Problem Description
Given an integer n, return a list of all simplified fractions between 0 and 1 (exclusive) such that the denominator is less-than-or-equal-to n. A fraction is considered simplified if the greatest common divisor (GCD) of its numerator and denominator is 1.
Key Insights
- Only consider denominators from 2 to n since fractions with denominator 1 (like 1/1) are not between 0 and 1.
- For each denominator, iterate over possible numerators from 1 up to denominator - 1.
- Use the GCD of numerator and denominator to check if the fraction is in simplified form.

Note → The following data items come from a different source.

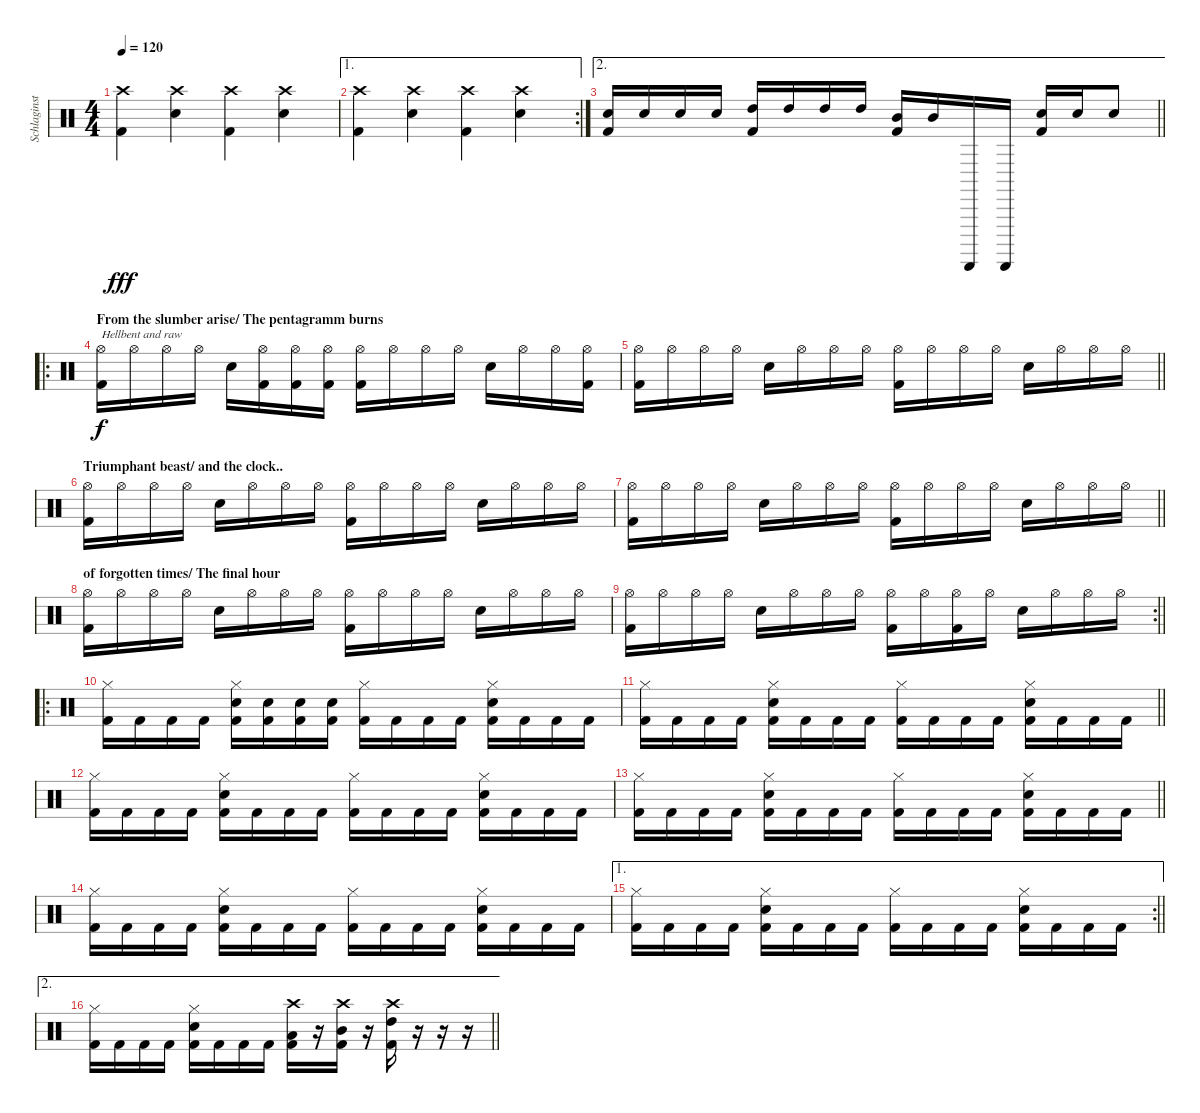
\track ("Schlaginstrumente - Auswahl" "Schlaginst") {instrument percussion}
\staff {score}
\articulation defaults
\ts (4 4)
\tempo 120
\clef neutral
\ks c
("Crash high (hit)" "Kick (hit) 2").4{dy fff} ("Crash high (hit)" "Electric Snare (hit)").4 ("Crash high (hit)" "Kick (hit) 2").4 ("Crash high (hit)" "Electric Snare (hit)").4 |
\ae 1
\rc 2
("Crash high (hit)" "Kick (hit) 2").4 ("Crash high (hit)" "Electric Snare (hit)").4 ("Crash high (hit)" "Kick (hit) 2").4 ("Crash high (hit)" "Electric Snare (hit)").4 |
\ae 2
\barLineRight lightlight
("Electric Snare (hit)" "Kick (hit) 2").16 "Electric Snare (hit)".16 "Electric Snare (hit)".16 "Electric Snare (hit)".16 ("High Tom (hit)" "Kick (hit) 2").16 "High Tom (hit)".16 "High Tom (hit)".16 "High Tom (hit)".16 ("Mid Tom (hit)" "Kick (hit) 2").16 "Mid Tom (hit)".16 "Guiro (scrap-return)".16 "Guiro (scrap-return)".16 ("Electric Snare (hit)" "Kick (hit) 2").16 "Electric Snare (hit)".16 "Electric Snare (hit)".8 |
\ro
\section ("" "From the slumber arise/ The pentagramm burns")
("Hi-Hat (open)" "Kick (hit) 2").16{txt "Hellbent and raw" dy f} "Hi-Hat (open)".16 "Hi-Hat (open)".16 "Hi-Hat (open)".16 "Electric Snare (hit)".16 ("Hi-Hat (open)" "Kick (hit) 2").16 ("Hi-Hat (open)" "Kick (hit) 2").16 ("Hi-Hat (open)" "Kick (hit) 2").16 ("Hi-Hat (open)" "Kick (hit) 2").16 "Hi-Hat (open)".16 "Hi-Hat (open)".16 "Hi-Hat (open)".16 "Electric Snare (hit)".16 "Hi-Hat (open)".16 "Hi-Hat (open)".16 ("Hi-Hat (open)" "Kick (hit) 2").16 |
\barLineRight lightlight
("Hi-Hat (open)" "Kick (hit) 2").16 "Hi-Hat (open)".16 "Hi-Hat (open)".16 "Hi-Hat (open)".16 "Electric Snare (hit)".16 "Hi-Hat (open)".16 "Hi-Hat (open)".16 "Hi-Hat (open)".16 ("Hi-Hat (open)" "Kick (hit) 2").16 "Hi-Hat (open)".16 "Hi-Hat (open)".16 "Hi-Hat (open)".16 "Electric Snare (hit)".16 "Hi-Hat (open)".16 "Hi-Hat (open)".16 "Hi-Hat (open)".16 |
\section ("" "Triumphant beast/ and the clock..")
("Hi-Hat (open)" "Kick (hit) 2").16 "Hi-Hat (open)".16 "Hi-Hat (open)".16 "Hi-Hat (open)".16 "Electric Snare (hit)".16 "Hi-Hat (open)".16 "Hi-Hat (open)".16 "Hi-Hat (open)".16 ("Hi-Hat (open)" "Kick (hit) 2").16 "Hi-Hat (open)".16 "Hi-Hat (open)".16 "Hi-Hat (open)".16 "Electric Snare (hit)".16 "Hi-Hat (open)".16 "Hi-Hat (open)".16 "Hi-Hat (open)".16 |
\barLineRight lightlight
("Hi-Hat (open)" "Kick (hit) 2").16 "Hi-Hat (open)".16 "Hi-Hat (open)".16 "Hi-Hat (open)".16 "Electric Snare (hit)".16 "Hi-Hat (open)".16 "Hi-Hat (open)".16 "Hi-Hat (open)".16 ("Hi-Hat (open)" "Kick (hit) 2").16 "Hi-Hat (open)".16 "Hi-Hat (open)".16 "Hi-Hat (open)".16 "Electric Snare (hit)".16 "Hi-Hat (open)".16 "Hi-Hat (open)".16 "Hi-Hat (open)".16 |
\section ("" "of forgotten times/ The final hour")
("Hi-Hat (open)" "Kick (hit) 2").16 "Hi-Hat (open)".16 "Hi-Hat (open)".16 "Hi-Hat (open)".16 "Electric Snare (hit)".16 "Hi-Hat (open)".16 "Hi-Hat (open)".16 "Hi-Hat (open)".16 ("Hi-Hat (open)" "Kick (hit) 2").16 "Hi-Hat (open)".16 "Hi-Hat (open)".16 "Hi-Hat (open)".16 "Electric Snare (hit)".16 "Hi-Hat (open)".16 "Hi-Hat (open)".16 "Hi-Hat (open)".16 |
\rc 2
\barLineRight lightlight
("Hi-Hat (open)" "Kick (hit) 2").16 "Hi-Hat (open)".16 "Hi-Hat (open)".16 "Hi-Hat (open)".16 "Electric Snare (hit)".16 "Hi-Hat (open)".16 "Hi-Hat (open)".16 "Hi-Hat (open)".16 ("Hi-Hat (open)" "Kick (hit) 2").16 "Hi-Hat (open)".16 ("Hi-Hat (open)" "Kick (hit) 2").16 "Hi-Hat (open)".16 "Electric Snare (hit)".16 "Hi-Hat (open)".16 "Hi-Hat (open)".16 "Hi-Hat (open)".16 |
\ro
("Hi-Hat (closed)" "Kick (hit) 2").16 "Kick (hit) 2".16 "Kick (hit) 2".16 "Kick (hit) 2".16 ("Hi-Hat (closed)" "Electric Snare (hit)" "Kick (hit) 2").16 ("Electric Snare (hit)" "Kick (hit) 2").16 ("Electric Snare (hit)" "Kick (hit) 2").16 ("Electric Snare (hit)" "Kick (hit) 2").16 ("Hi-Hat (closed)" "Kick (hit) 2").16 "Kick (hit) 2".16 "Kick (hit) 2".16 "Kick (hit) 2".16 ("Hi-Hat (closed)" "Electric Snare (hit)" "Kick (hit) 2").16 "Kick (hit) 2".16 "Kick (hit) 2".16 "Kick (hit) 2".16 |
\barLineRight lightlight
("Hi-Hat (closed)" "Kick (hit) 2").16 "Kick (hit) 2".16 "Kick (hit) 2".16 "Kick (hit) 2".16 ("Hi-Hat (closed)" "Electric Snare (hit)" "Kick (hit) 2").16 "Kick (hit) 2".16 "Kick (hit) 2".16 "Kick (hit) 2".16 ("Hi-Hat (closed)" "Kick (hit) 2").16 "Kick (hit) 2".16 "Kick (hit) 2".16 "Kick (hit) 2".16 ("Hi-Hat (closed)" "Electric Snare (hit)" "Kick (hit) 2").16 "Kick (hit) 2".16 "Kick (hit) 2".16 "Kick (hit) 2".16 |
("Hi-Hat (closed)" "Kick (hit) 2").16 "Kick (hit) 2".16 "Kick (hit) 2".16 "Kick (hit) 2".16 ("Hi-Hat (closed)" "Electric Snare (hit)" "Kick (hit) 2").16 "Kick (hit) 2".16 "Kick (hit) 2".16 "Kick (hit) 2".16 ("Hi-Hat (closed)" "Kick (hit) 2").16 "Kick (hit) 2".16 "Kick (hit) 2".16 "Kick (hit) 2".16 ("Hi-Hat (closed)" "Electric Snare (hit)" "Kick (hit) 2").16 "Kick (hit) 2".16 "Kick (hit) 2".16 "Kick (hit) 2".16 |
\barLineRight lightlight
("Hi-Hat (closed)" "Kick (hit) 2").16 "Kick (hit) 2".16 "Kick (hit) 2".16 "Kick (hit) 2".16 ("Hi-Hat (closed)" "Electric Snare (hit)" "Kick (hit) 2").16 "Kick (hit) 2".16 "Kick (hit) 2".16 "Kick (hit) 2".16 ("Hi-Hat (closed)" "Kick (hit) 2").16 "Kick (hit) 2".16 "Kick (hit) 2".16 "Kick (hit) 2".16 ("Hi-Hat (closed)" "Electric Snare (hit)" "Kick (hit) 2").16 "Kick (hit) 2".16 "Kick (hit) 2".16 "Kick (hit) 2".16 |
("Hi-Hat (closed)" "Kick (hit) 2").16 "Kick (hit) 2".16 "Kick (hit) 2".16 "Kick (hit) 2".16 ("Hi-Hat (closed)" "Electric Snare (hit)" "Kick (hit) 2").16 "Kick (hit) 2".16 "Kick (hit) 2".16 "Kick (hit) 2".16 ("Hi-Hat (closed)" "Kick (hit) 2").16 "Kick (hit) 2".16 "Kick (hit) 2".16 "Kick (hit) 2".16 ("Hi-Hat (closed)" "Electric Snare (hit)" "Kick (hit) 2").16 "Kick (hit) 2".16 "Kick (hit) 2".16 "Kick (hit) 2".16 |
\ae 1
\rc 2
\barLineRight lightlight
("Hi-Hat (closed)" "Kick (hit) 2").16 "Kick (hit) 2".16 "Kick (hit) 2".16 "Kick (hit) 2".16 ("Hi-Hat (closed)" "Electric Snare (hit)" "Kick (hit) 2").16 "Kick (hit) 2".16 "Kick (hit) 2".16 "Kick (hit) 2".16 ("Hi-Hat (closed)" "Kick (hit) 2").16 "Kick (hit) 2".16 "Kick (hit) 2".16 "Kick (hit) 2".16 ("Hi-Hat (closed)" "Electric Snare (hit)" "Kick (hit) 2").16 "Kick (hit) 2".16 "Kick (hit) 2".16 "Kick (hit) 2".16 |
\ae 2
\barLineRight lightlight
("Hi-Hat (closed)" "Kick (hit) 2").16 "Kick (hit) 2".16 "Kick (hit) 2".16 "Kick (hit) 2".16 ("Hi-Hat (closed)" "Electric Snare (hit)" "Kick (hit) 2").16 "Kick (hit) 2".16 "Kick (hit) 2".16 "Kick (hit) 2".16 ("Crash high (hit)" "Low Tom (hit)" "Kick (hit) 2").16 r.16 ("Crash high (hit)" "Mid Tom (hit)" "Kick (hit) 2").16 r.16 ("Crash high (hit)" "High Tom (hit)" "Kick (hit) 2").16 r.16 r.16 r.16

- The overall time complexity is driven by the nested loop over denominators and numerators.
Space and Time Complexity
Time Complexity: O(n^2 * log(n)) – Iterating through all possible pairs (numerator, denominator) and performing a GCD computation which takes logarithmic time. Space Complexity: O(n^2) – In the worst case, storing up to O(n^2) fraction strings.
Solution
We iterate through all denominators d from 2 to n, and for each d, we iterate through all numerators from 1 to d - 1. For every fraction numerator/d, we check if the GCD of numerator and denominator is 1. If yes, then the fraction is simplified and we add it to our result list as a string "numerator/denom".
The algorithm primarily uses loops and a helper function (or method) for computing the GCD. The main gotcha is correctly checking that a fraction is in its simplest form by ensuring that the numerator and denominator are co-prime.